Princeton course fights 'fat phobia' through dance
- Princeton University is offering a course this fall that will “examine the changing history, aesthetics, politics, and meanings of fatness” through dance and performance art.
- Readings for the course bemoan "fat phobia" as "just another form of prejudice," and the class has a particular focus on “intersectional dimensions of the fat body."
Princeton University is offering a course this fall that will “examine the changing history, aesthetics, politics, and meanings of fatness” through dance and performance art.
“This seminar investigates discourses and politics around the fat body from a performance studies perspective,” the course description states. “How does this ‘f-word’ discipline and regulate bodies in/as public? How do dancers reveal these politics with special clarity?
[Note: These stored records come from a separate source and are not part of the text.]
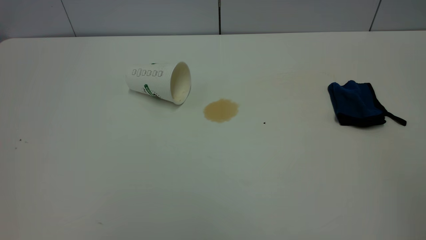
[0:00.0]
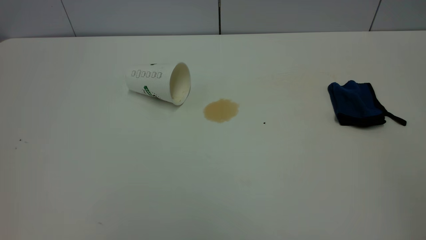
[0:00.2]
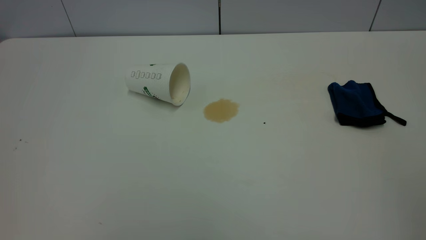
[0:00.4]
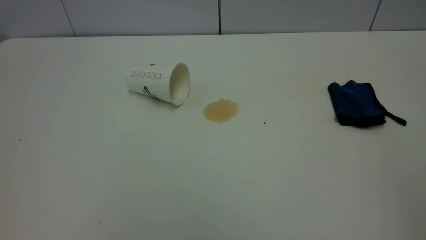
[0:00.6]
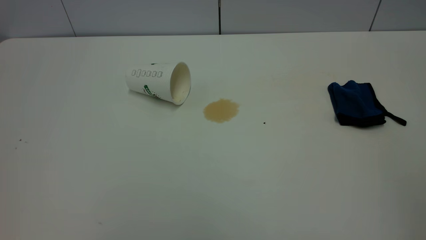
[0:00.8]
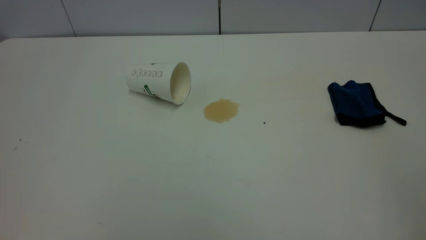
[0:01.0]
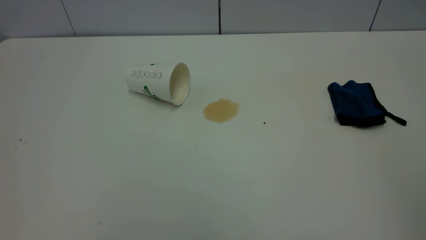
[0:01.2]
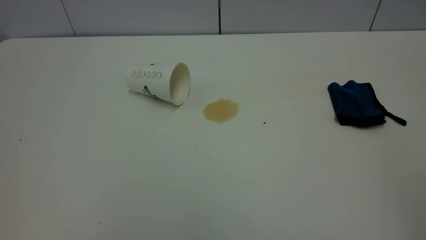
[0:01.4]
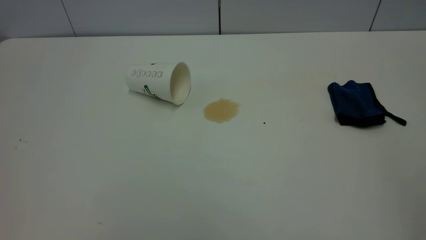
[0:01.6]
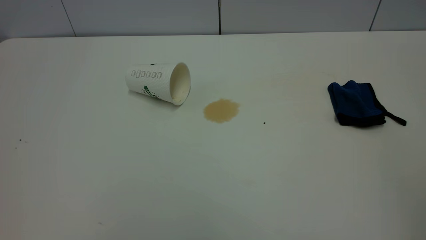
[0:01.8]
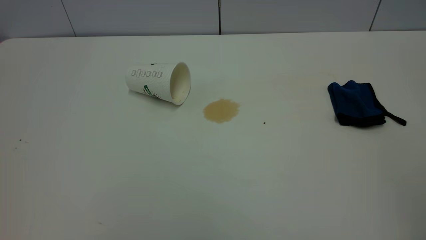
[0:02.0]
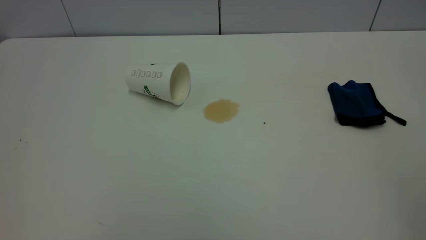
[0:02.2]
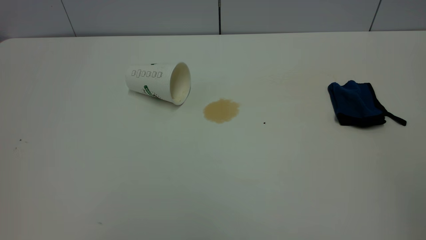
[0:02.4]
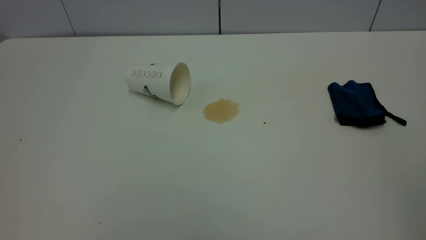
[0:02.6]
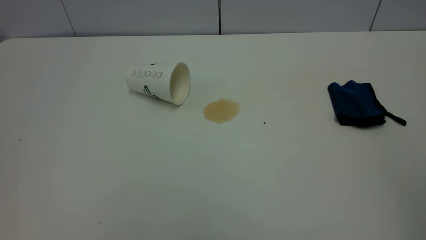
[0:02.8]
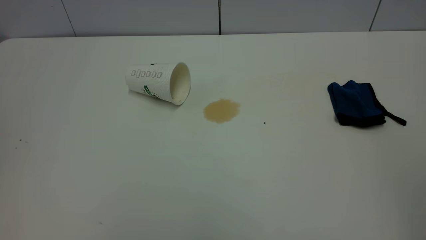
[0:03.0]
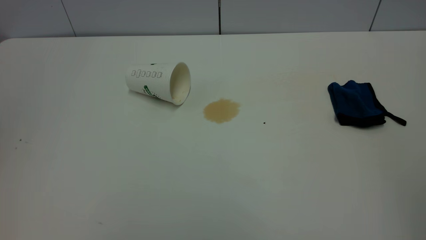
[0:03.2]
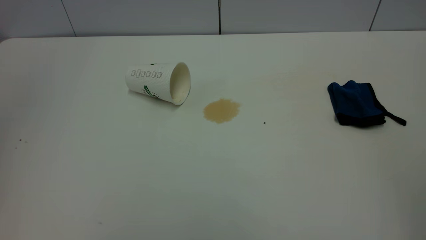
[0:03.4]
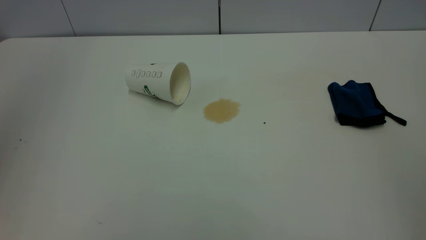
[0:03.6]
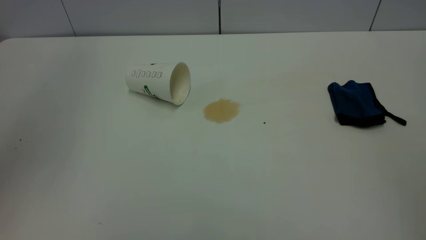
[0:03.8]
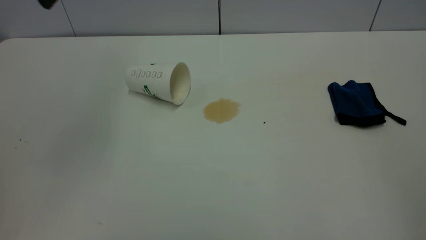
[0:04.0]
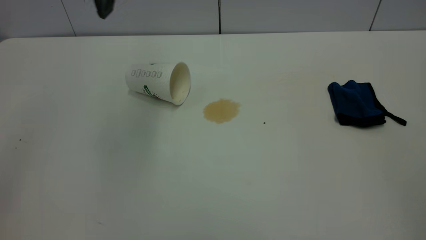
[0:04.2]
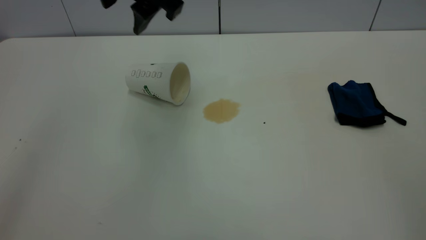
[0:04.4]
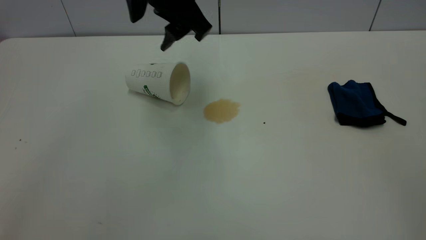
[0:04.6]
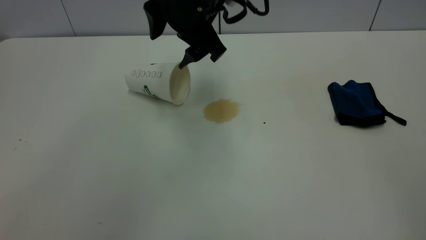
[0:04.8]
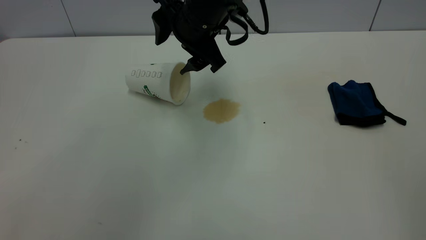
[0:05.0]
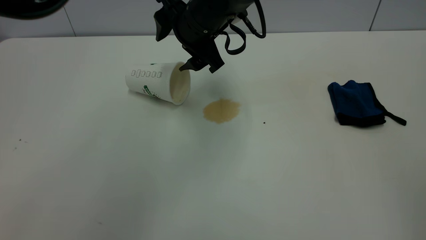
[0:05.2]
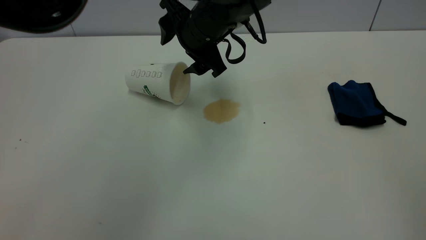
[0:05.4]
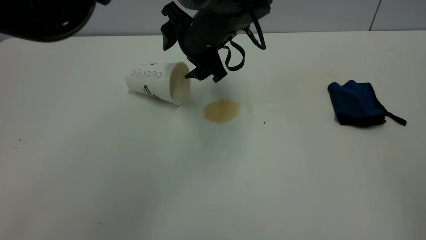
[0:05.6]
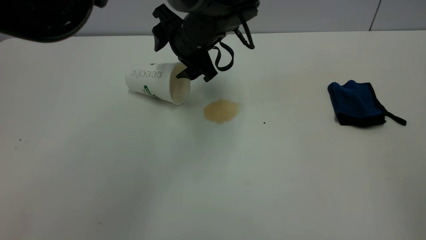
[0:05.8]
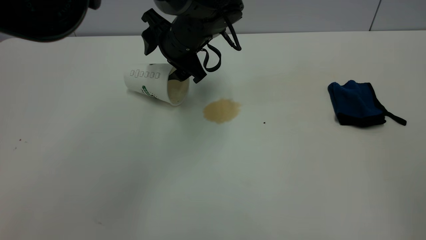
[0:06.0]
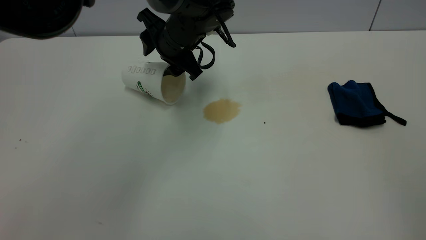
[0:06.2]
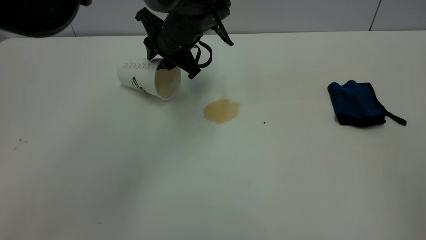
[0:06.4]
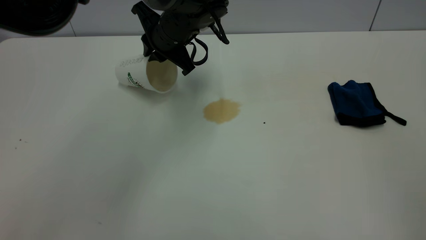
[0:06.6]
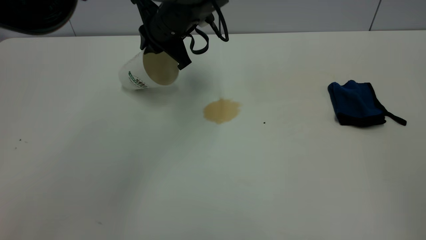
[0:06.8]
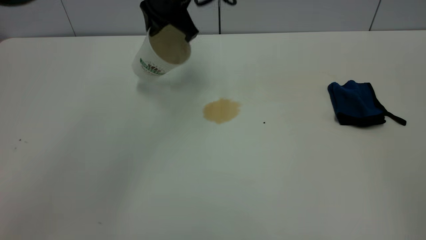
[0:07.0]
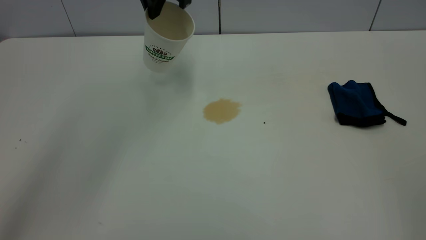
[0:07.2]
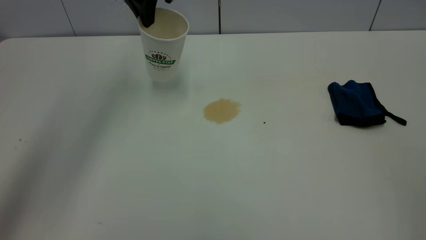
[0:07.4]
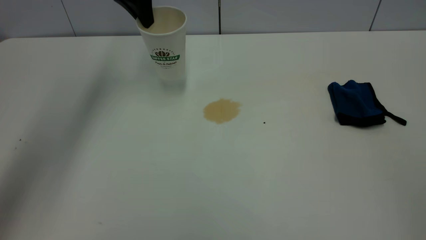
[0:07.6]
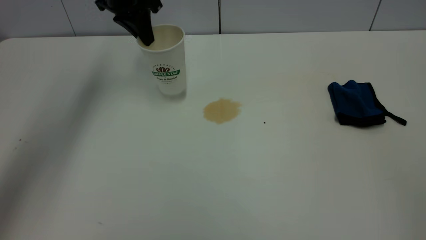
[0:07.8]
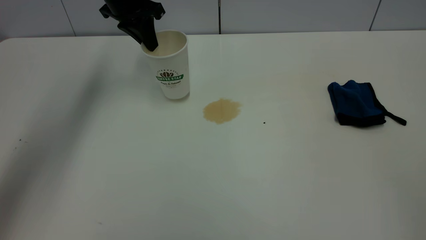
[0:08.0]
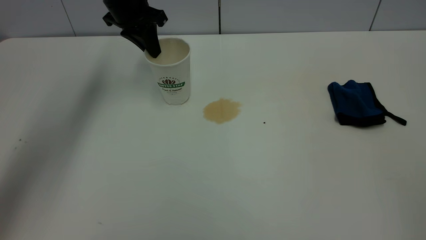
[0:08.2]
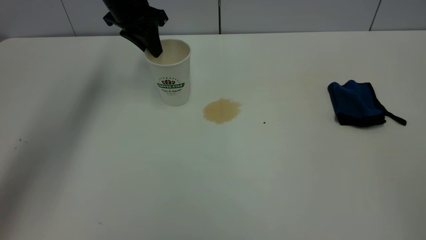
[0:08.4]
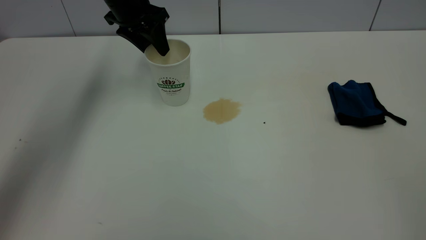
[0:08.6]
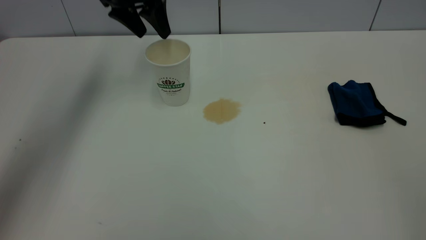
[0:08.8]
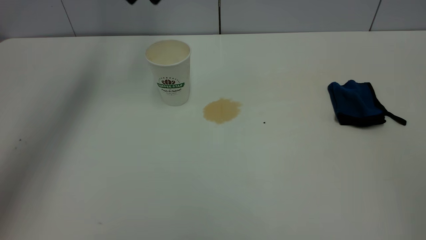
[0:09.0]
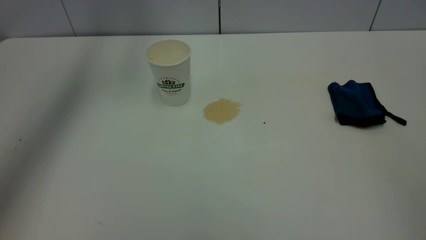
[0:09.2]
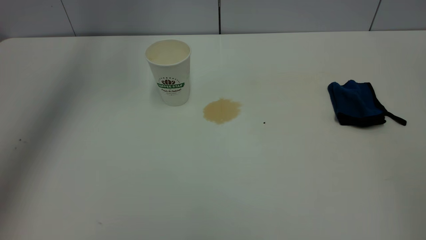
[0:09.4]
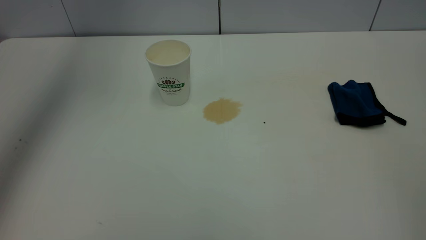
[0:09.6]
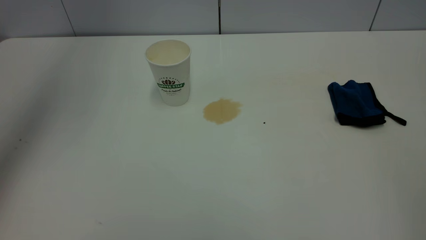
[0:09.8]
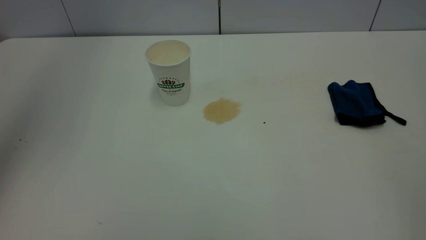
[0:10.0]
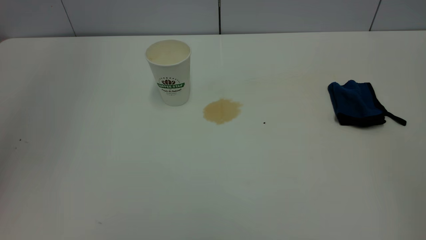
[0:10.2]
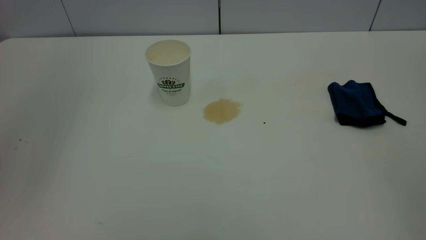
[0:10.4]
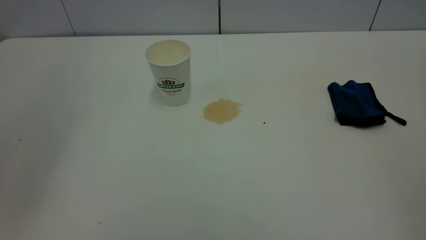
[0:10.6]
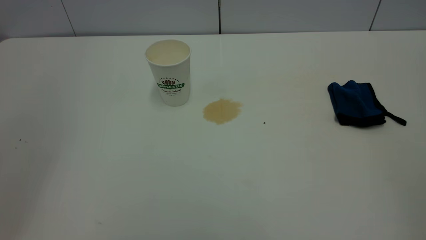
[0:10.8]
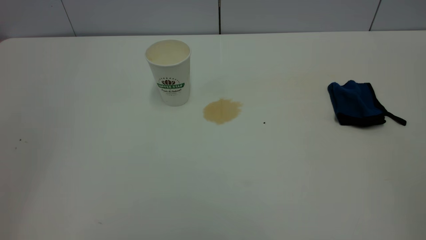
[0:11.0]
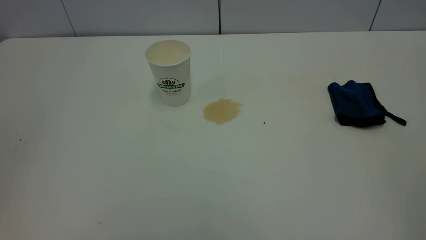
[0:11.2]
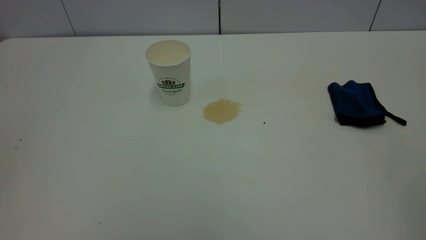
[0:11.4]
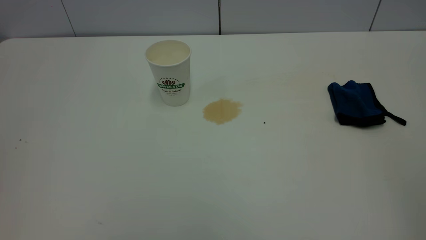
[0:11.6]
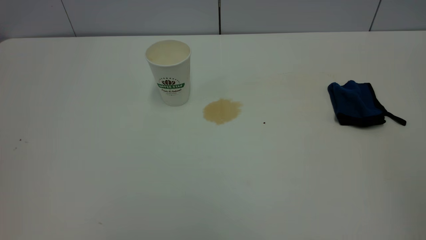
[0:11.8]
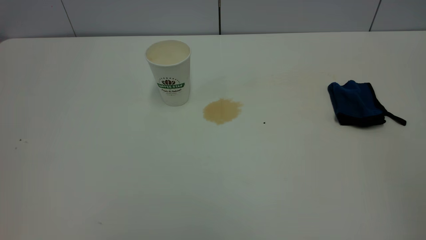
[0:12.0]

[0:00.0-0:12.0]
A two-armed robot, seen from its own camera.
Task of the whole recording: the left gripper pick up the fallen cup and place it upright, the right gripper grasp the blue rag and wipe the tea stain on the table, the right gripper put the blue rag back in its original position.
Step, 0:00.0 to 0:08.6: Stand the paper cup upright.
0:00.0 to 0:01.6: Both grippers stay about where they are.
0:03.0 to 0:04.4: The left gripper travels forward and to the right by approximately 40 cm.
0:04.4 to 0:06.0: The left gripper travels downward and forward by about 20 cm.
0:06.0 to 0:07.6: The left gripper heads to the left, upward and forward, covering roughly 20 cm, and closes its fingers.
0:07.6 to 0:09.0: The left gripper heads upward, covering about 5 cm, and opens.
0:09.0 to 0:10.4: The left gripper travels backward by some 25 cm, and closes its fingers.

How might fat be a liberating counterperformance?”
The description notes that “intersectional dimensions of the fat body are central to the course,” indicating that students will explore how obesity combines with other marginalized identities to exacerbate individual perceptions of oppression.
While assignments will include both “written work and group performances,” no dance experience is necessary to enroll in the course.
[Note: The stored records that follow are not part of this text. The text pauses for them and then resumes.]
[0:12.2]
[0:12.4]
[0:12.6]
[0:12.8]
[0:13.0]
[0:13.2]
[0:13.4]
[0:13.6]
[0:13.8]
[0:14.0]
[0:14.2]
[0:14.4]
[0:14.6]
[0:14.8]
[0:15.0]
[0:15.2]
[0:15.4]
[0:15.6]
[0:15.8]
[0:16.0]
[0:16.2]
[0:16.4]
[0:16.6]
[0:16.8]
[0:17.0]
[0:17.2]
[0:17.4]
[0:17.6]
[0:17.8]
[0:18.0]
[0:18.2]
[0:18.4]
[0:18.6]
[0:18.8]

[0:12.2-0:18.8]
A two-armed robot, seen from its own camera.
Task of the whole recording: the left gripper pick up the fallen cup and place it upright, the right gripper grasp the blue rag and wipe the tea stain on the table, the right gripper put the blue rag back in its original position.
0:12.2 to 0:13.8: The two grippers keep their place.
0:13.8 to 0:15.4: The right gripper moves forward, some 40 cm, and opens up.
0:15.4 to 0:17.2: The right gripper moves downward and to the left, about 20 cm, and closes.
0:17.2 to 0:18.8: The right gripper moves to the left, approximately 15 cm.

The written work involves three “short papers” addressing "an ethnography of the normative Princeton body, a close reading of the ways fat works in a specific example, and a research-informed creative point of view assignment;” as well as a “seminar paper” analyzing an example from the class.
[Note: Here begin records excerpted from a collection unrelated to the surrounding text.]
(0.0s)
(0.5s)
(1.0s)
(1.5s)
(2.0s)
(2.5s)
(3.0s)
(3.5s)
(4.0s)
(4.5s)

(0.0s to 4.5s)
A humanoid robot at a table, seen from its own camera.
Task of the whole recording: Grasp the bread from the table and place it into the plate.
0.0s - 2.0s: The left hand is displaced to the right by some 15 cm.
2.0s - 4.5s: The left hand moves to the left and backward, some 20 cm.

In addition, students will participate in a group performance examining the "relationship between fat and performative elements of public life,” which accounts for 20 percent of their final grade.
A “sample reading list” for the course includes selections such as Fat Politics, which argues that "there is little proof that obesity causes so much disease and death or that losing weight is what makes people healthier,” as well as The Fat Studies Reader, which contends that weight-consciousness is "just another form of prejudice—one with especially dire consequences for many already disenfranchised groups."
Fat Talk Nation, another of the readings, decries the "disturbing" damage done to the feelings of those targeted by the "veritable war on fat" and introduces neologisms such as "biocitizen, biomyth, biopedagogy, bioabuse, biocop, and fat personhood."
Similarly, Queering Fat Embodiment laments "fat-phobia" and the "ever-growing medicalisation, pathologisation, and commodification of fatness," and seeks to "mak[e] explicit the intersectionality of fat identities and thereby counter the assertion that fat studies has in recent years reproduced a white, ableist, heteronormative subjectivity in its analyses."
According to The Daily Caller, Hamera has offered the course at least once before, during the 2016 fall semester.
As of press time, enrollment in this year’s course had hit the maximum of 15 students—seven freshmen/sophomores and 8 juniors/seniors.
Hamera did not respond to Campus Reform's request for comment.